Kidney Disease in the United States

  • Approximately 20 million Americans have kidney disease. The number of people diagnosed with kidney disease has doubled each decade for the last two decades.1
     
  • In 2001, there were about 400,000 people who had kidney failure, which requires dialysis or a kidney transplant to stay alive. By 2010, an estimated 661,330 individuals will have kidney failure.1
     
  • The annual cost of treating patients with kidney failure in the U.S. is more than $20 billion.1
     
  • In 2000, about the same number of people died with kidney failure as with breast cancer and prostate cancer combined.4
     
  • The most common causes of kidney failure are diabetes and high blood pressure.1
     
  • Early kidney disease has no symptoms, and can become kidney failure with little or no warning if left undetected.
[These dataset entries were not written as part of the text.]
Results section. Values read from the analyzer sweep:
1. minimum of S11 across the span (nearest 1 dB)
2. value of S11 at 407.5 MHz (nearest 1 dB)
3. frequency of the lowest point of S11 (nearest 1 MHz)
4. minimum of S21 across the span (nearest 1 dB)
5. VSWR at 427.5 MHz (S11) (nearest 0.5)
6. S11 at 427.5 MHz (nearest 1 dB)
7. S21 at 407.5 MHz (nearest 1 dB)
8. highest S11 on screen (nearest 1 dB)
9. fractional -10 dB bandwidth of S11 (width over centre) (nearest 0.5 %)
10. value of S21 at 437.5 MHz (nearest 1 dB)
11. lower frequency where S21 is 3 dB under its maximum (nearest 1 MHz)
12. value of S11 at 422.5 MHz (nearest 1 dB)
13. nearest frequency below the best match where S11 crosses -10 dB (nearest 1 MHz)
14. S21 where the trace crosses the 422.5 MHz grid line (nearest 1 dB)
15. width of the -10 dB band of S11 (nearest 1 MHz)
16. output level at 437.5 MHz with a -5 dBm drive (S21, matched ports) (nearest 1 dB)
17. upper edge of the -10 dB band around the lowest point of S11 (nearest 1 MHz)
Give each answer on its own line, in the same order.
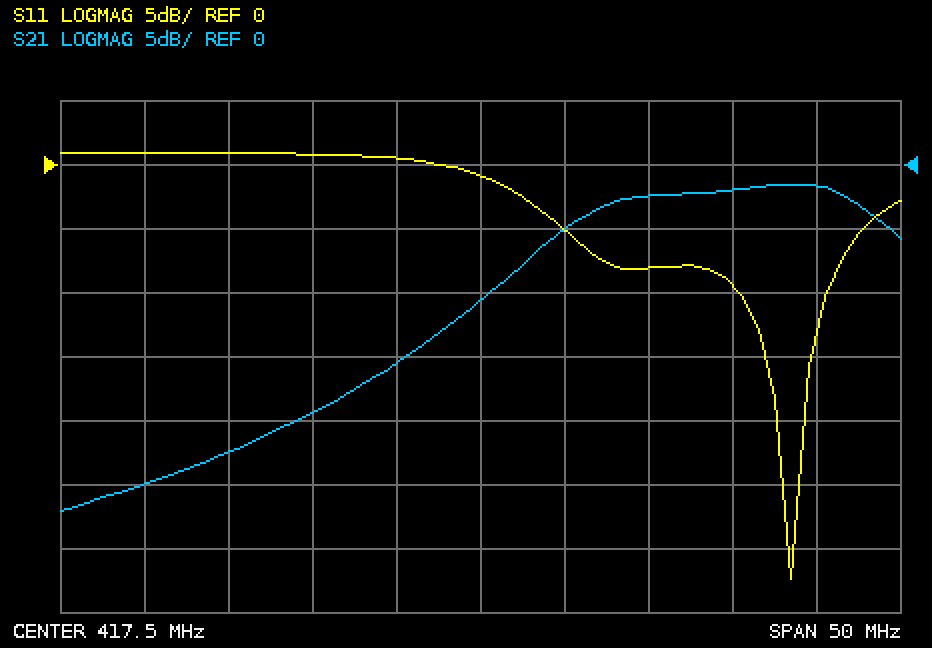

When patients are not tested and treated for kidney disease early, it is usually discovered right before the kidneys fail.
     
  • Kidney failure can be effectively treated if detected early.5

  1. U.S. Renal Data System. (2002). National Institutes of Health, National Institute of Diabetes and Digestive and Kidney Diseases, Bethesda, MD
  2. National Kidney Disease Education Program. (2003). NKDEP Survey of African-American Adults’ Knowledge, Attitudes and Behaviors Related to Kidney Disease (Draft). National Institute of Diabetes and Digestive and Kidney Diseases, National Institutes of Health, Bethesda, MD.
  3. Kinchen KS, Sadler J, Fink N, et al: The timing of specialist evaluation in chronic kidney disease and mortality. Ann Intern Med137: 479-486, 2002.
  4. SEER, 2003.
  5. Hostetter, T. (2001). Prevention of end-state renal disease due to type 2 diabetes. New England Journal of Medicine, 345(12): 910-912.